While SeMem frameworks offer tangible advances, open questions remain:

  • Scaling limits: Current SeMem methods are tested at O(109–1010) parameter and token scales; extension to larger, multi-lingual, or highly entangled corpora remains to be proven (Ghosal et al., 14 Jul 2025, Alla et al., 7 Nov 2025).
  • Robustness to adaptive attacks: Most demonstrated SeMem defenses operate under benign or known threat models. Resistance to adversarial extraction, paraphrase, and attribute entanglement is an area of future work (Kothandaraman et al., 12 Dec 2025).
  • Mechanistic co-adaptation: In sink-based architectures, over-activation or under-activation of memory neurons (extreme p/g choices) can lead to capacity underuse or excessive cross-interference, demanding more principled policy optimization (Ghosal et al., 14 Jul 2025).
  • Dynamic/adaptive policies: Hard-coded thresholds, static gating, and linear salience models are prevalent; more expressive, adaptive, and context-aware SeMem policies may be needed for real-world scaling (Alla et al., 7 Nov 2025, Peng et al., 2023).
  • Fine-grained attribute isolation: While per-sequence, per-chunk, or per-feature isolation is possible in principle, optimal partitioning and mask design is an open area, particularly for semantically entangled concepts (Ghosal et al., 14 Jul 2025, Kothandaraman et al., 12 Dec 2025).
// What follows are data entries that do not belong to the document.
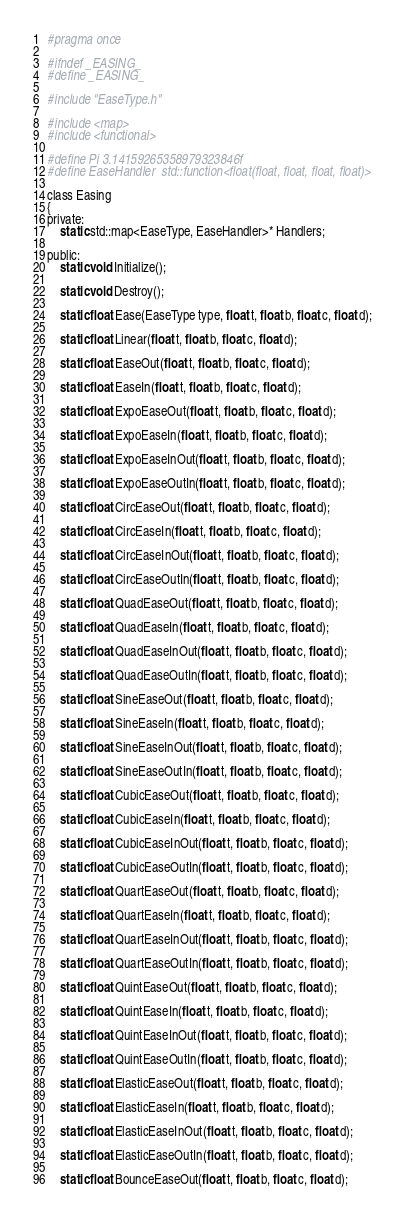Convert code to text. <code><loc_0><loc_0><loc_500><loc_500><_C_>#pragma once

#ifndef _EASING_
#define _EASING_

#include "EaseType.h"

#include <map>
#include <functional>

#define Pi 3.14159265358979323846f
#define EaseHandler	std::function<float(float, float, float, float)>

class Easing
{
private:
	static std::map<EaseType, EaseHandler>* Handlers;

public:
	static void Initialize();

	static void Destroy();

	static float Ease(EaseType type, float t, float b, float c, float d);

	static float Linear(float t, float b, float c, float d);

	static float EaseOut(float t, float b, float c, float d);

	static float EaseIn(float t, float b, float c, float d);

	static float ExpoEaseOut(float t, float b, float c, float d);

	static float ExpoEaseIn(float t, float b, float c, float d);

	static float ExpoEaseInOut(float t, float b, float c, float d);

	static float ExpoEaseOutIn(float t, float b, float c, float d);

	static float CircEaseOut(float t, float b, float c, float d);

	static float CircEaseIn(float t, float b, float c, float d);

	static float CircEaseInOut(float t, float b, float c, float d);

	static float CircEaseOutIn(float t, float b, float c, float d);

	static float QuadEaseOut(float t, float b, float c, float d);

	static float QuadEaseIn(float t, float b, float c, float d);

	static float QuadEaseInOut(float t, float b, float c, float d);

	static float QuadEaseOutIn(float t, float b, float c, float d);

	static float SineEaseOut(float t, float b, float c, float d);

	static float SineEaseIn(float t, float b, float c, float d);

	static float SineEaseInOut(float t, float b, float c, float d);

	static float SineEaseOutIn(float t, float b, float c, float d);

	static float CubicEaseOut(float t, float b, float c, float d);

	static float CubicEaseIn(float t, float b, float c, float d);

	static float CubicEaseInOut(float t, float b, float c, float d);

	static float CubicEaseOutIn(float t, float b, float c, float d);

	static float QuartEaseOut(float t, float b, float c, float d);

	static float QuartEaseIn(float t, float b, float c, float d);

	static float QuartEaseInOut(float t, float b, float c, float d);

	static float QuartEaseOutIn(float t, float b, float c, float d);

	static float QuintEaseOut(float t, float b, float c, float d);

	static float QuintEaseIn(float t, float b, float c, float d);

	static float QuintEaseInOut(float t, float b, float c, float d);

	static float QuintEaseOutIn(float t, float b, float c, float d);

	static float ElasticEaseOut(float t, float b, float c, float d);

	static float ElasticEaseIn(float t, float b, float c, float d);

	static float ElasticEaseInOut(float t, float b, float c, float d);

	static float ElasticEaseOutIn(float t, float b, float c, float d);

	static float BounceEaseOut(float t, float b, float c, float d);
</code> 
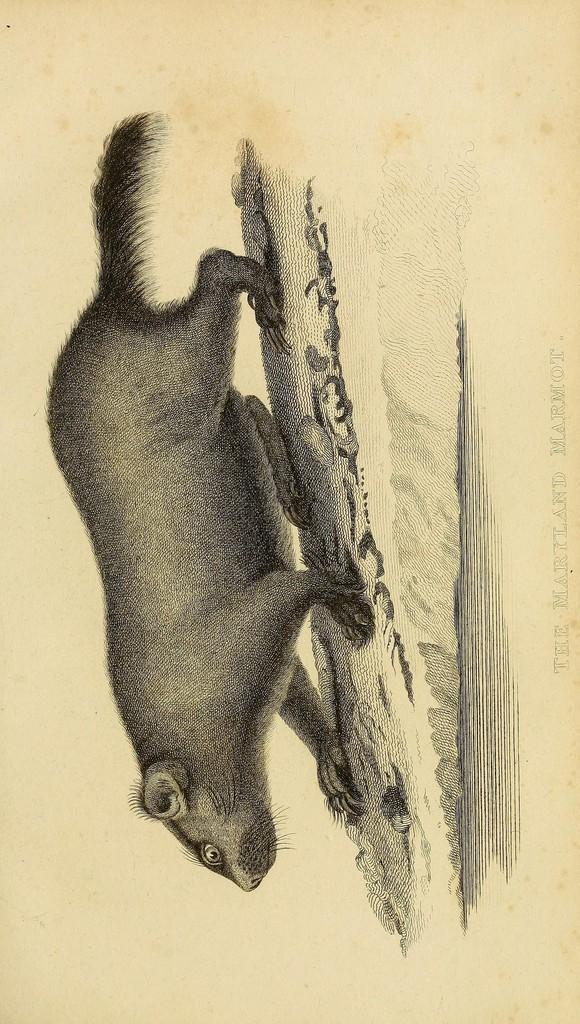Please provide a concise description of this image. In this image I can see an art of an animal on the paper. I can see an art is in black color and the paper is in cream color. 
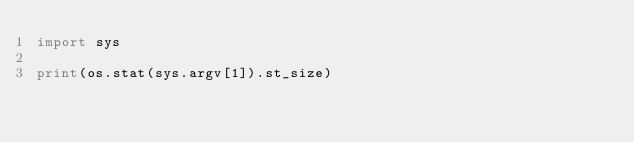<code> <loc_0><loc_0><loc_500><loc_500><_Python_>import sys

print(os.stat(sys.argv[1]).st_size)
</code> 
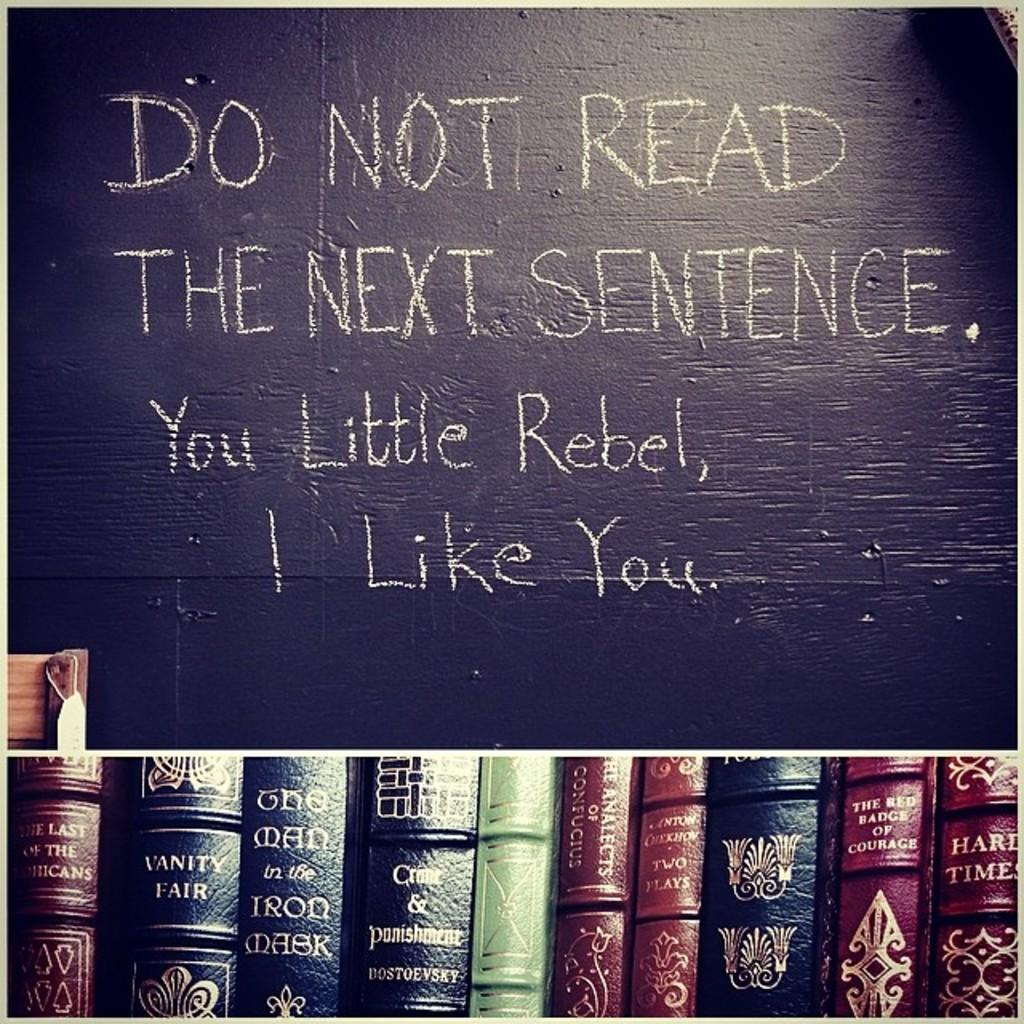Provide a one-sentence caption for the provided image. A sign displayed above books stays Do Not Read The Next Sentence. 
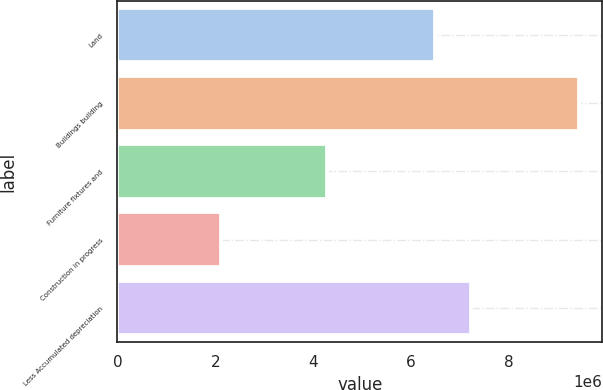Convert chart to OTSL. <chart><loc_0><loc_0><loc_500><loc_500><bar_chart><fcel>Land<fcel>Buildings building<fcel>Furniture fixtures and<fcel>Construction in progress<fcel>Less Accumulated depreciation<nl><fcel>6.49539e+06<fcel>9.42994e+06<fcel>4.27454e+06<fcel>2.11186e+06<fcel>7.2272e+06<nl></chart> 
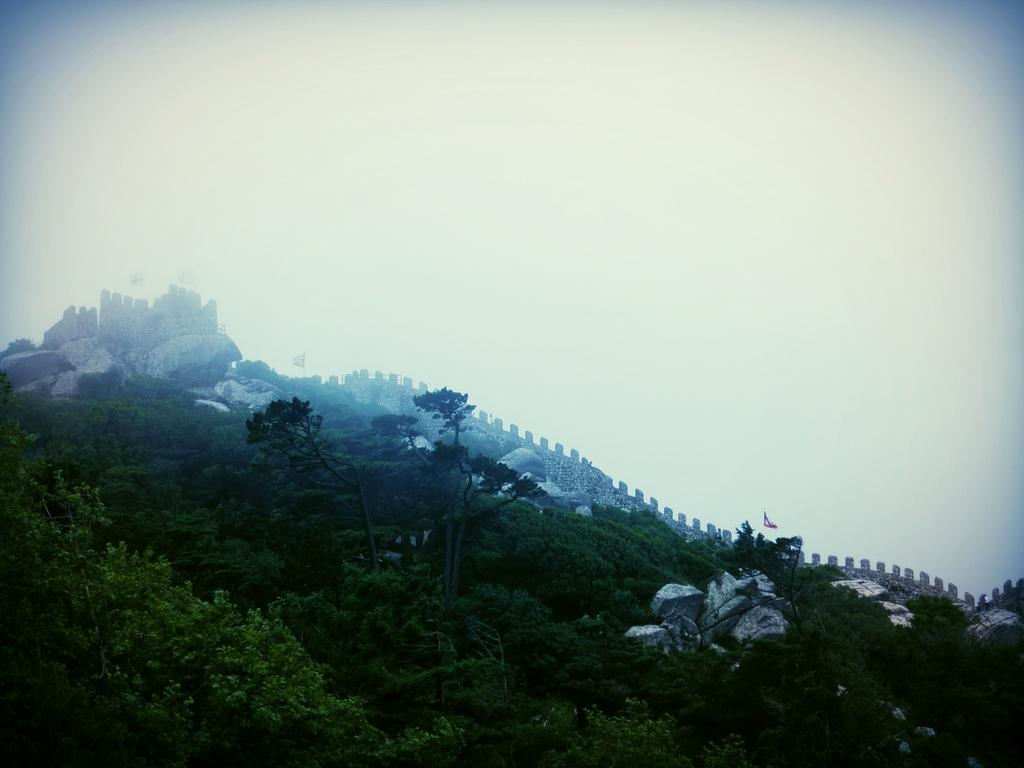What is located at the bottom of the image? There are trees and stones at the bottom of the image. What can be seen in the middle of the image? There are stones, a wall, and a flag in the middle of the image. What is visible at the top of the image? The sky is visible at the top of the image. How does the smoke affect the shade in the image? There is no smoke present in the image, so it cannot affect the shade. Can you describe the movement of the flag in the image? The flag is present in the image, but we cannot determine its movement based on the provided facts. 
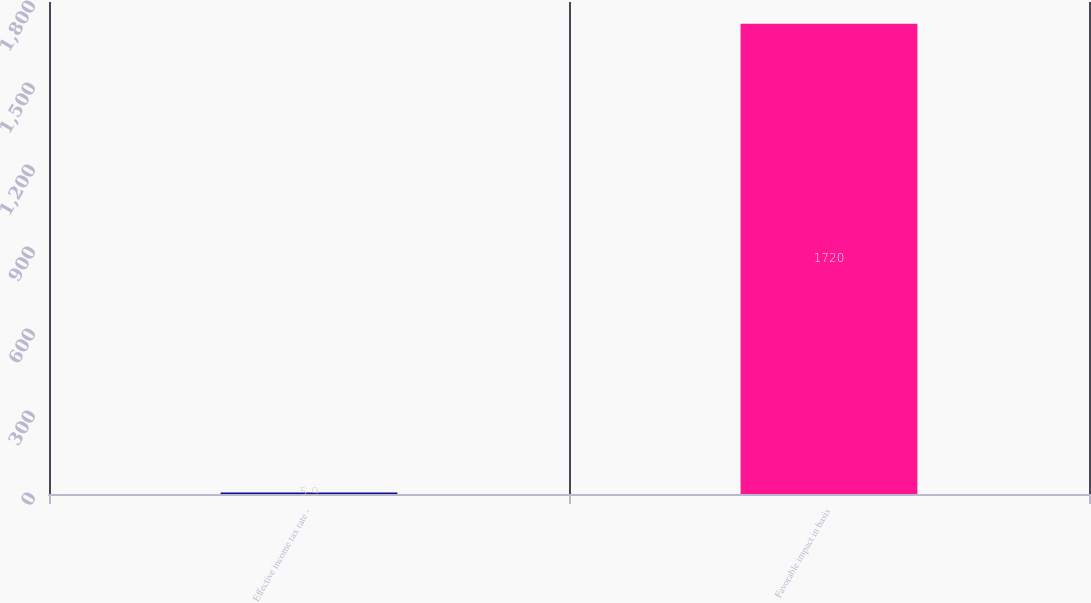Convert chart to OTSL. <chart><loc_0><loc_0><loc_500><loc_500><bar_chart><fcel>Effective income tax rate -<fcel>Favorable impact in basis<nl><fcel>5.9<fcel>1720<nl></chart> 
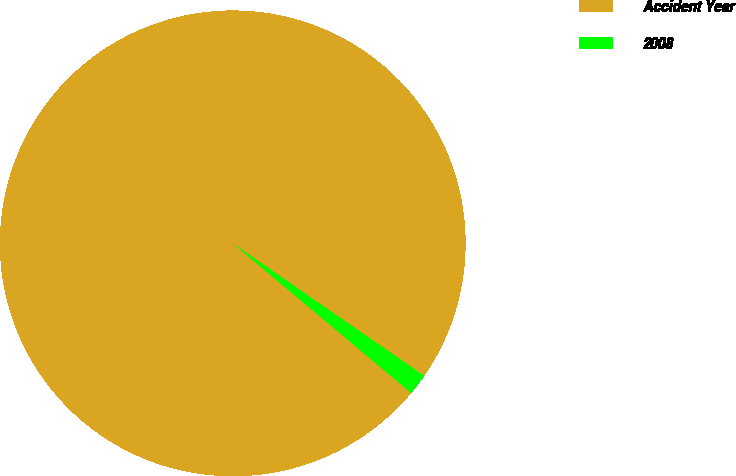Convert chart. <chart><loc_0><loc_0><loc_500><loc_500><pie_chart><fcel>Accident Year<fcel>2008<nl><fcel>98.53%<fcel>1.47%<nl></chart> 
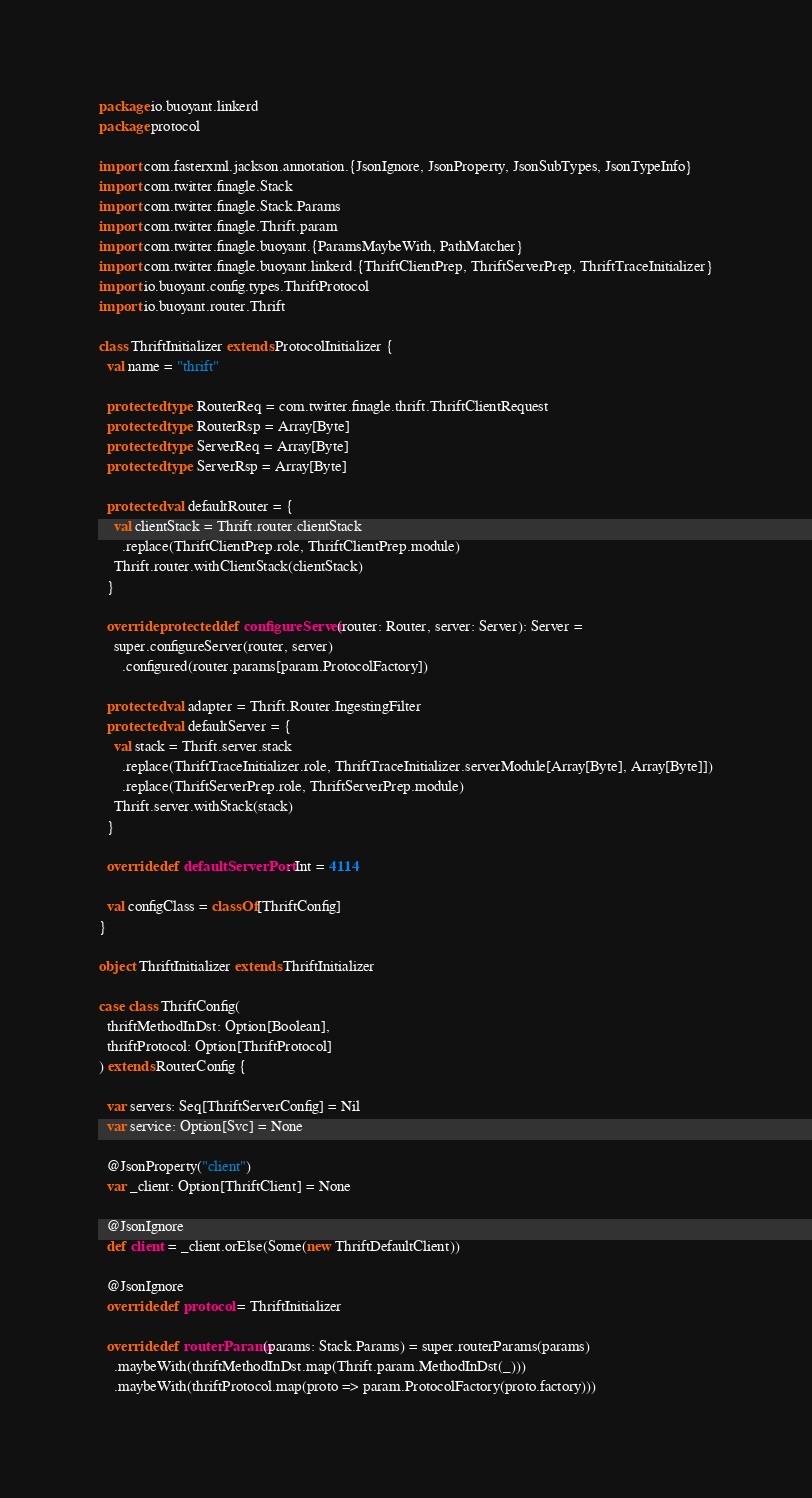Convert code to text. <code><loc_0><loc_0><loc_500><loc_500><_Scala_>package io.buoyant.linkerd
package protocol

import com.fasterxml.jackson.annotation.{JsonIgnore, JsonProperty, JsonSubTypes, JsonTypeInfo}
import com.twitter.finagle.Stack
import com.twitter.finagle.Stack.Params
import com.twitter.finagle.Thrift.param
import com.twitter.finagle.buoyant.{ParamsMaybeWith, PathMatcher}
import com.twitter.finagle.buoyant.linkerd.{ThriftClientPrep, ThriftServerPrep, ThriftTraceInitializer}
import io.buoyant.config.types.ThriftProtocol
import io.buoyant.router.Thrift

class ThriftInitializer extends ProtocolInitializer {
  val name = "thrift"

  protected type RouterReq = com.twitter.finagle.thrift.ThriftClientRequest
  protected type RouterRsp = Array[Byte]
  protected type ServerReq = Array[Byte]
  protected type ServerRsp = Array[Byte]

  protected val defaultRouter = {
    val clientStack = Thrift.router.clientStack
      .replace(ThriftClientPrep.role, ThriftClientPrep.module)
    Thrift.router.withClientStack(clientStack)
  }

  override protected def configureServer(router: Router, server: Server): Server =
    super.configureServer(router, server)
      .configured(router.params[param.ProtocolFactory])

  protected val adapter = Thrift.Router.IngestingFilter
  protected val defaultServer = {
    val stack = Thrift.server.stack
      .replace(ThriftTraceInitializer.role, ThriftTraceInitializer.serverModule[Array[Byte], Array[Byte]])
      .replace(ThriftServerPrep.role, ThriftServerPrep.module)
    Thrift.server.withStack(stack)
  }

  override def defaultServerPort: Int = 4114

  val configClass = classOf[ThriftConfig]
}

object ThriftInitializer extends ThriftInitializer

case class ThriftConfig(
  thriftMethodInDst: Option[Boolean],
  thriftProtocol: Option[ThriftProtocol]
) extends RouterConfig {

  var servers: Seq[ThriftServerConfig] = Nil
  var service: Option[Svc] = None

  @JsonProperty("client")
  var _client: Option[ThriftClient] = None

  @JsonIgnore
  def client = _client.orElse(Some(new ThriftDefaultClient))

  @JsonIgnore
  override def protocol = ThriftInitializer

  override def routerParams(params: Stack.Params) = super.routerParams(params)
    .maybeWith(thriftMethodInDst.map(Thrift.param.MethodInDst(_)))
    .maybeWith(thriftProtocol.map(proto => param.ProtocolFactory(proto.factory)))</code>

7. Cross-Domain Extensions and Future Directions

Recent advances demonstrate that SeMem is a unifying paradigm across language, vision, and multi-modal domains:

  • VLN and multi-modal models: State-space and cross-modal SeMem modules can replace attention machinery in navigation systems, yielding substantial computational savings with no loss in accuracy (Zhang et al., 31 Mar 2025).
  • Diffusion models and geometry: By linking SeMem to manifold geometry and spectral theory, new approaches for monitoring, regularizing, and intervening in the memorization trajectory of generative models become evident (Achilli et al., 2024).
  • Semiparametric continual learning: Selective memory policies achieve sublinear memory growth and stable adaptation, creating scalable, low-forgetting learners suitable for continual and streaming applications (Peng et al., 2023).

Overall, the SeMem paradigm—realized through neuron isolation, model fusion, feature gating, selective subspace projection, or policy-driven external memory allocation—marks a shift toward more precise, parsimonious, and privacy-aware machine learning. It offers both practical tools and theoretical frameworks for rigorously controlling the boundary between knowledge retention, memorization, and forgetting across heterogeneous learning systems.